45岁的姚占红至今未婚。2010年,村大队安排姚占红在新区看守北门,工资一个月450元,每个月还有300元左右低保。“最害怕有病,身体不允许其他的什么也干不了,一生病就完。”

多数时间,姚占红都独自一人待在门卫室里熬日子。“2009年到2011年,新区楼层好的120平米大户型以前能卖到二十五、六万。因为空气污染、水质太差现在连20万都卖不到,条件好点的都去市区里买房子。
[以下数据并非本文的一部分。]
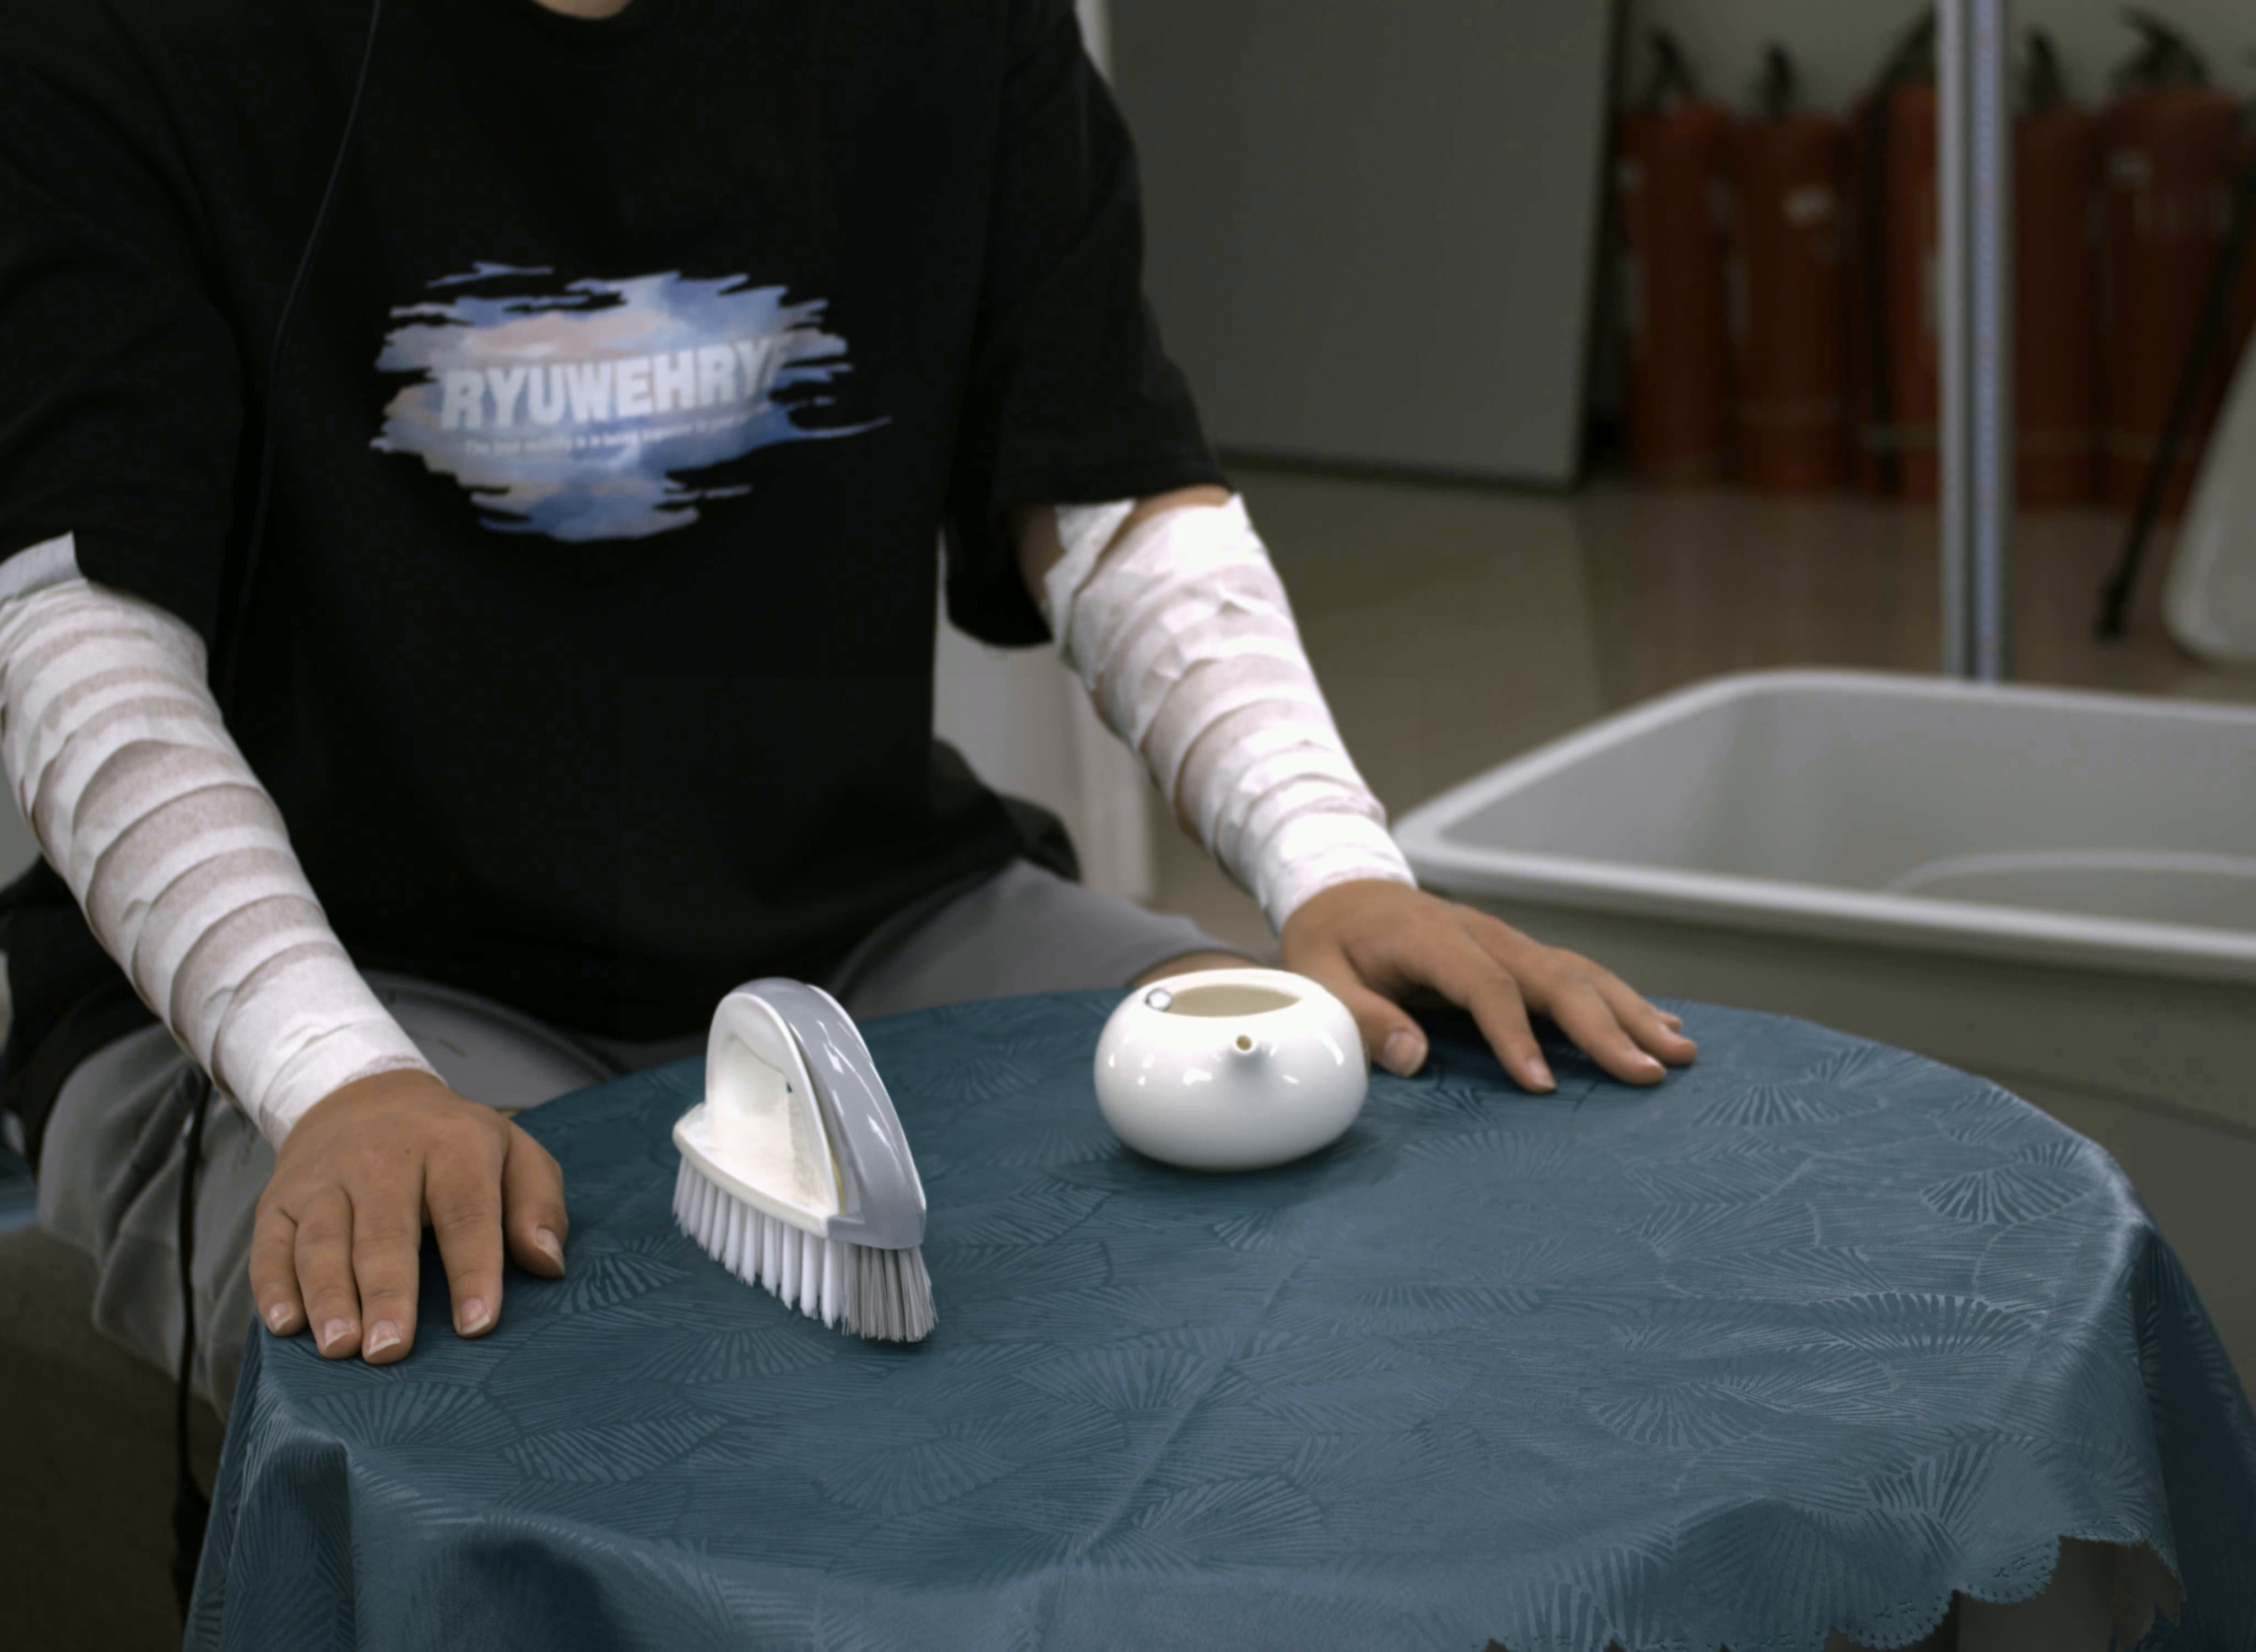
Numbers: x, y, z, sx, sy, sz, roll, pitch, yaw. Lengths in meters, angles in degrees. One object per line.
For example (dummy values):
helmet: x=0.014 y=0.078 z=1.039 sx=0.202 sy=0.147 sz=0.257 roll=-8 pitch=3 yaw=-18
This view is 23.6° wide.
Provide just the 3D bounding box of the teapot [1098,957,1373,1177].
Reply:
teapot: x=0.035 y=0.080 z=1.816 sx=0.092 sy=0.057 sz=0.128 roll=-9 pitch=13 yaw=-4

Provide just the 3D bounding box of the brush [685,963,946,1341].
brush: x=-0.095 y=0.098 z=1.702 sx=0.060 sy=0.095 sz=0.177 roll=-11 pitch=16 yaw=-18

家奉献了、土地奉献了,健康风险了,到头来我们有啥回报?”姚占红说。

傍晚时分,坐落于新区西侧的工厂烟囱不断往外排放气体,从新区居民楼底下望过去显得“触目惊心”。

2017年2月24日,木厂口镇中心完全小学学生放学后在回家的路上玩耍,孩子们身后不远处就是林立的烟囱。孩子们称平时并没有佩戴口罩的习惯,但“空气实在太糟时学校会放假”。

2017年2月24日,松汀迎来难得一见的好天气,杨非文坐在新区旁边的空地上忍不住打起了盹。不少亲朋好友被占地后搬到新区,但他如今很少来这,因为他家“地没被占,想搬也搬不来”。

有时候兴致来了,杨非文会到村旁的西沙河里钓鱼。

钓上来的鱼,杨非文喂了鸭子,他说村里人都不敢吃。村民刘文贵说“外来的人吃不了我们这儿的饭,觉得灰太大水没法儿喝。其实没事儿,吃习惯就好了。人最能活了,你看,我们屋外河都是什么色儿了?里面还有鱼呢。鱼身上都发臭了,还在里面游,鱼都能活,人还活不过它吗?”